Thought: would it be possible to implement an extension to Thunderbird which recognised genuine bounce messages and flagged them up? The only way I can see this working is by correlating the recipient to which the bounce message relates against the To/CC/BCC headers of recently-sent email.

The problem is that, as far as I can see, there’s no standard header in bounce messages which tells you the failed email address. Even the From: address of the bounce isn’t guaranteed to be at the same domain.

For example, if you send mail to thiswillbounce@gerv.net, then you’ll get a bounce message back from Mail Delivery System <Mailer-Daemon@tuschin.blackcatnetworks.co.uk> – nothing to do with gerv.net. The only new header seems to be X-Failed-Recipients: markham-gerv-thiswillbounce@tuschin.blackcatnetworks.co.uk – again, you can’t get thiswillbounce@gerv.net from that.

Sometimes, you do get a full copy of the original message, so in that case you can grep for the To or CC lines. But I think that, even for those MTAs which send you back a copy, some send it back inline and others as an attachment. More places to look. Of course, if we signed all our email, we could look for our own signature on the bounced copy…

I suspect one would be reduced to parsing the body and looking for common text for each major brand of mail server software (“Your message to x@y.com has…”). But, given that such messages are customisable and localisable, that also seems to me like a hiding to nothing.

Do we need an X-Failed-Recipient: header which gives the exact original email address from the To:/CC:/envelope? That way, fake bounces could be binned.

Even if we had that, we also still have the problem of defining “recently sent email”. I have two machines from which I access my IMAP accounts. They have different address books, and Collected Addresses. The only way to know who I’ve emailed in the past week is to search my sent-mail folder. This is all beginning to sound like a Fairly Hard Problem.

5 thoughts on “Did You Get My Mail?

  1. There is actually a standard for doing this kind of thing – RFC 1891. It includes specifying the original recipient at the SMTP level, as well as identifying a particular message. It also defines a format for bounce messages which is easily parsable. Unfortunately not all that many servers support it.

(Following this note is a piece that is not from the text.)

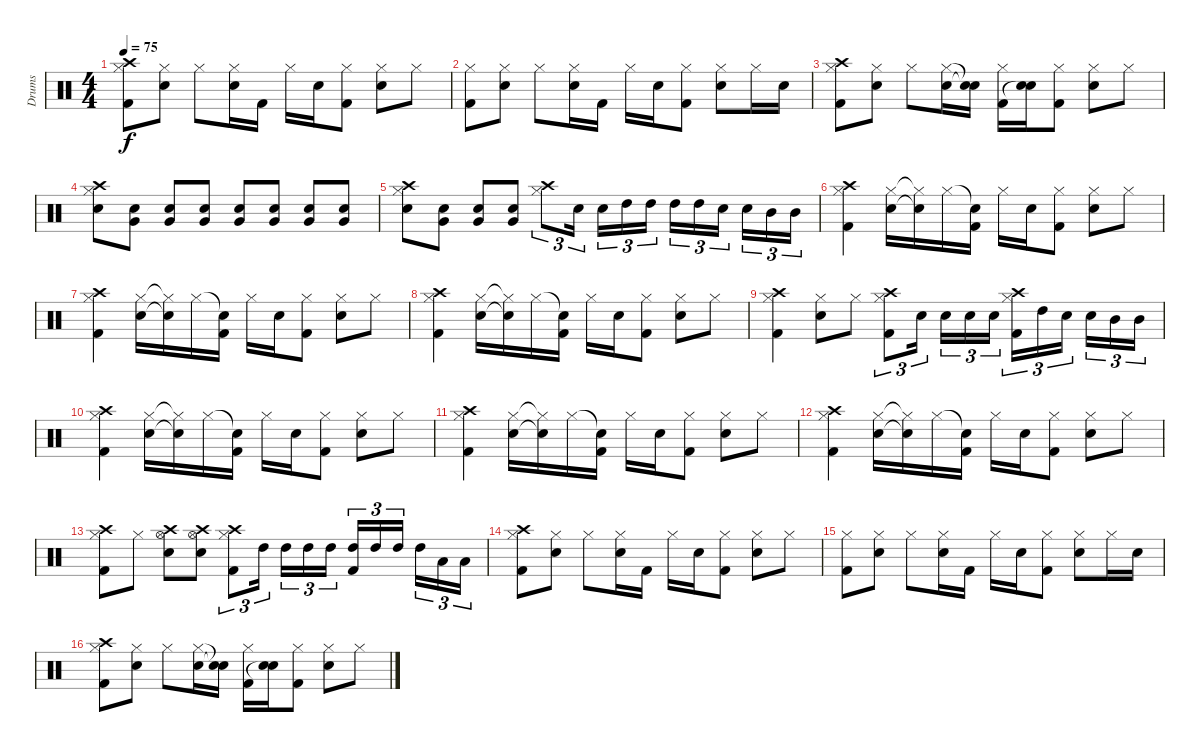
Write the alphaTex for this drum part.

    If you’re reduced to parsing bounce messages, I would have thought the best way to do that would be to look for the message-id, which should be unique for each message, and should make it easier to match up with an outgoing message. But that still has the problems you mention…

  2. That reminds me, did you get my last relicensing patch I sent you. I’m not sure of the date but it was before you went away. I’m worried it my have got caught by your spam filters.

  3. Michael is right: it wouldn’t be too hard to write code to find the Message ID in the body of the bounce. So the only remaining problem is a canonical list of message IDs for messages sent by a particular user. Each client would need to keep its own cache based on regularly checking the sent-mail folder, and also intercepting all mail sends (to make sure you caught the immediate-bounce case)…